This new paperback edition is now available.
The quieter you become, the more you are able to hear – Lao Tzu
Drawing together communiqués, covert interviews, oral and underground history of introvert struggles (Introfada), here for the first time is a detailed documentation of the political demands of shy people.
Radicalised against the imperial domination of globalised PR projectionism, extrovert poise and loudness, the Shy Radicals and their guerrilla wing the Shy Underground are a vanguard movement intent on trans-rupting consensus extrovert-supremacist politics and assertiveness culture of the twenty first century. The movement aims to establish an independent homeland – Aspergistan, a utopian state for introverted people, run according to Shyria Law and underpinned by Pan-Shyist ideology, protecting the rights of the oppressed quiet and shy people.
Shy Radicals are the Black Panther Party of the introvert class, and this anti-systemic manifesto is a quiet and thoughtful polemic, a satire that uses anti-colonial theory to build a critique of dominant culture and the rising tide of Islamophobia.

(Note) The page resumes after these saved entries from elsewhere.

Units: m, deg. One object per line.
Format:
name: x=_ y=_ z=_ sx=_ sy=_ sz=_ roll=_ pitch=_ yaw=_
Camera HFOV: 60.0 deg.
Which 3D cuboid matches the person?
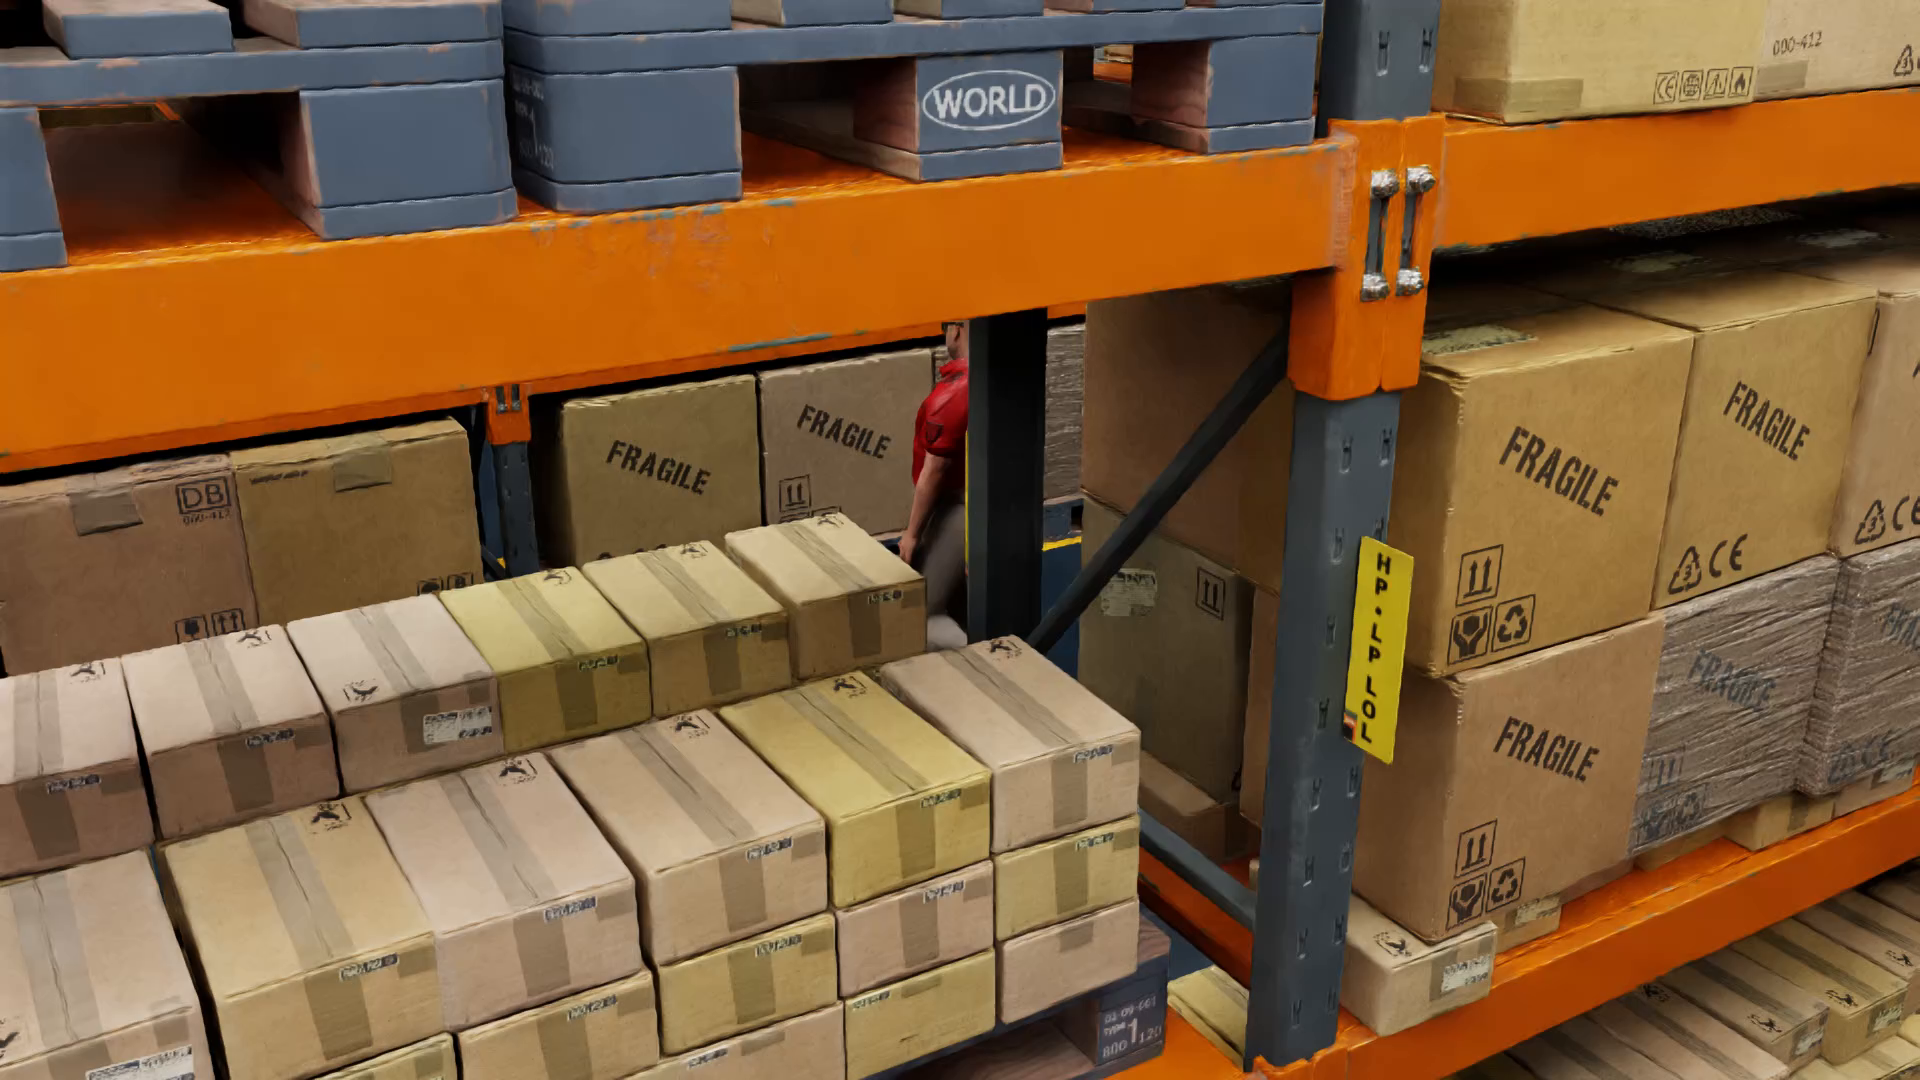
person: x=0.025 y=-0.055 z=6.225 sx=0.564 sy=1.734 sz=0.577 roll=13 pitch=25 yaw=30

‘ a beautiful startling book. Subversively funny and very, very smart.’ – A. L. Kennedy


‘A classic in experimental literature.’ – Deborah Pearson


‘Shy Radicals does what the best writing always does: it makes you see the world afresh. And it is funny.’ – Arun Kundnani


‘a work of speculative activism that might actually change they way you think, also way more imaginative and actionable that any of that so-called theory that you read. Sick of extroverts controlling the agenda? Educate yourself about extrovert supremacy.’ – Sam Riviere (Books of the Year 2018 in the White Review)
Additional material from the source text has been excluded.